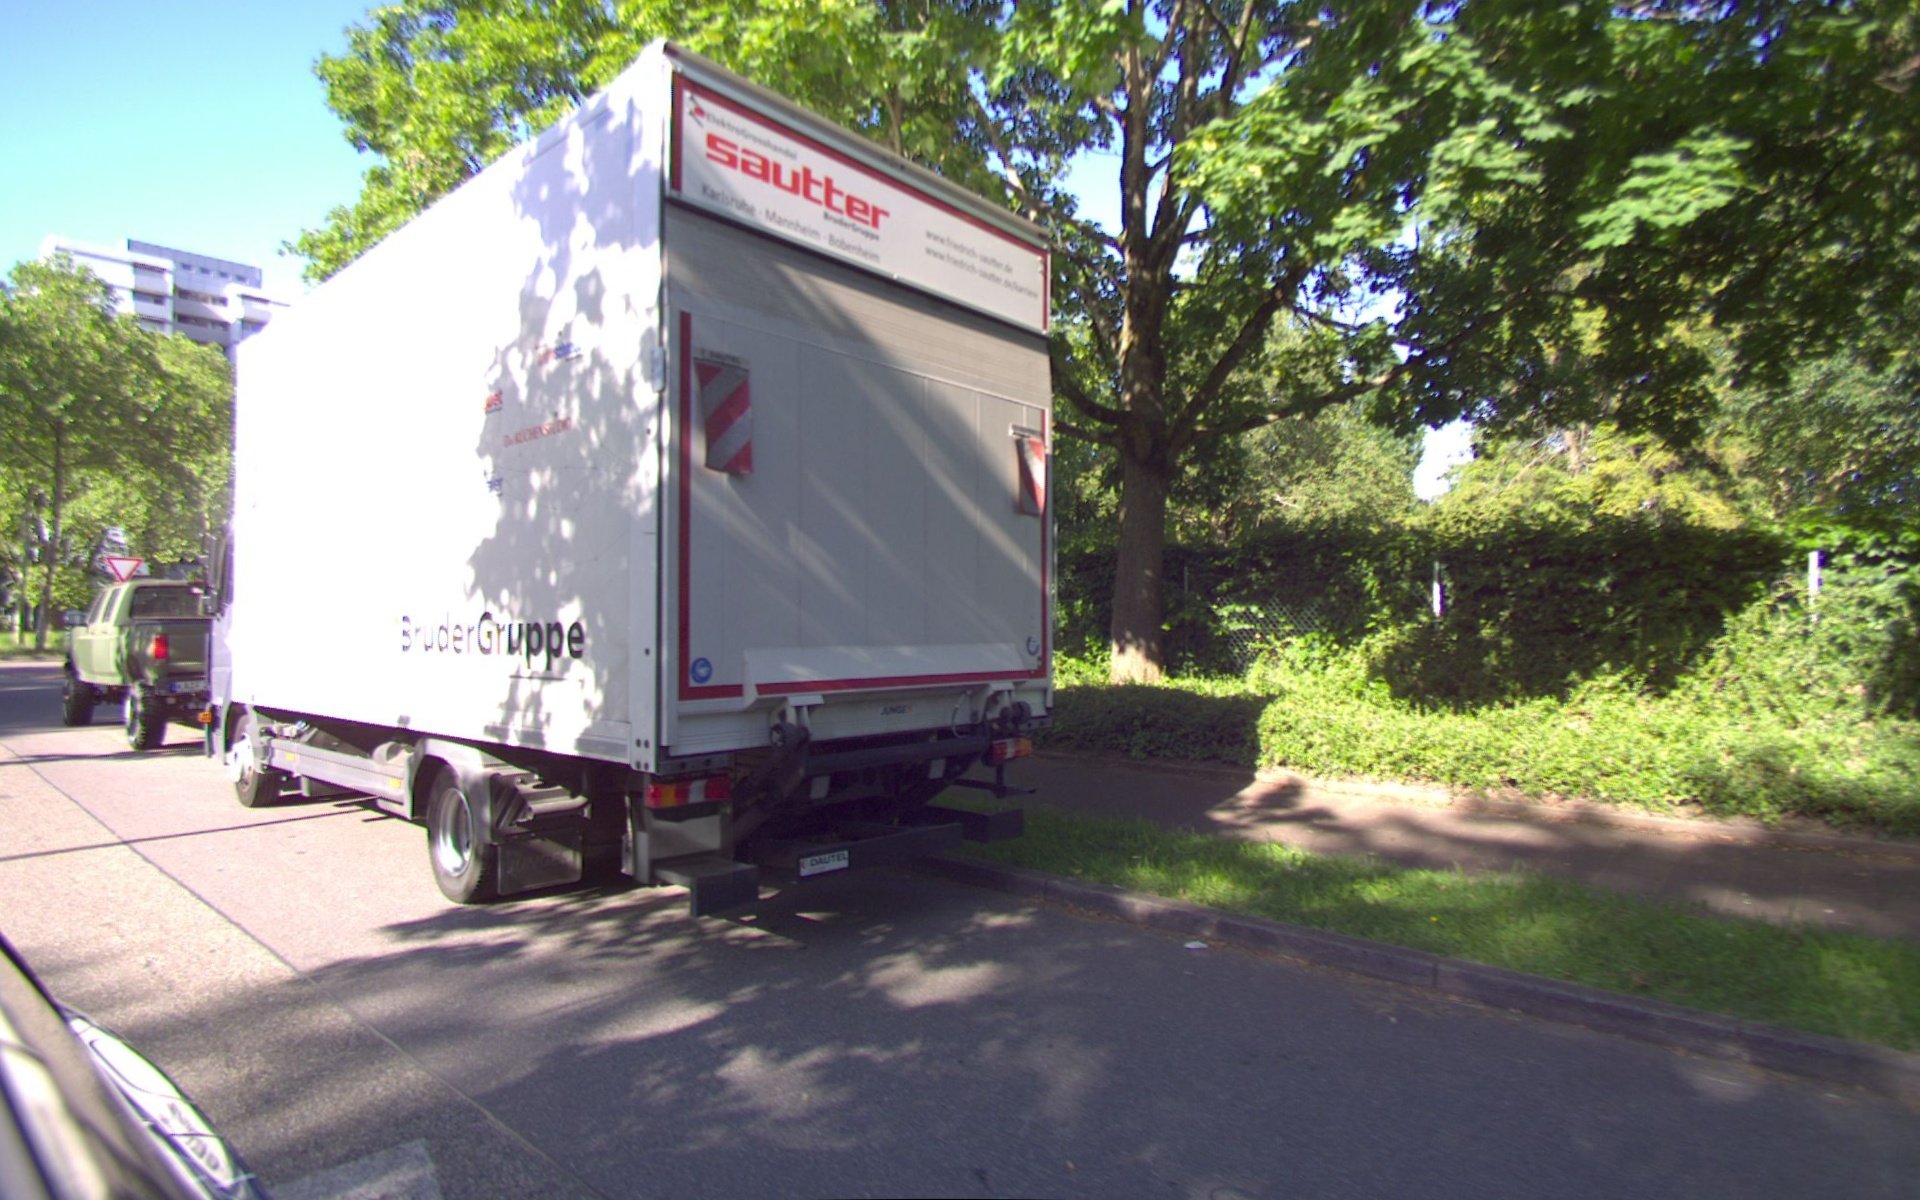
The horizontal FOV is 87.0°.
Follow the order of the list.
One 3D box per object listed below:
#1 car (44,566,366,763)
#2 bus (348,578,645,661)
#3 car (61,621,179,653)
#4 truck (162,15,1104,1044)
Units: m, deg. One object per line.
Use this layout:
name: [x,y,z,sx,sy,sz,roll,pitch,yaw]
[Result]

# # # # # # #

■ **AIM OF THE TASK**
Write out the entries again, exactly as given, skipping any images.

■ **TASK ANSWER**
The horizontal FOV is 87.0°.
Follow the order of the list.
One 3D box per object listed below:
#1 car (44,566,366,763)
#2 bus (348,578,645,661)
#3 car (61,621,179,653)
#4 truck (162,15,1104,1044)
Units: m, deg. One object per line.
Use this layout:
name: [x,y,z,sx,sy,sz,roll,pitch,yaw]
[Result]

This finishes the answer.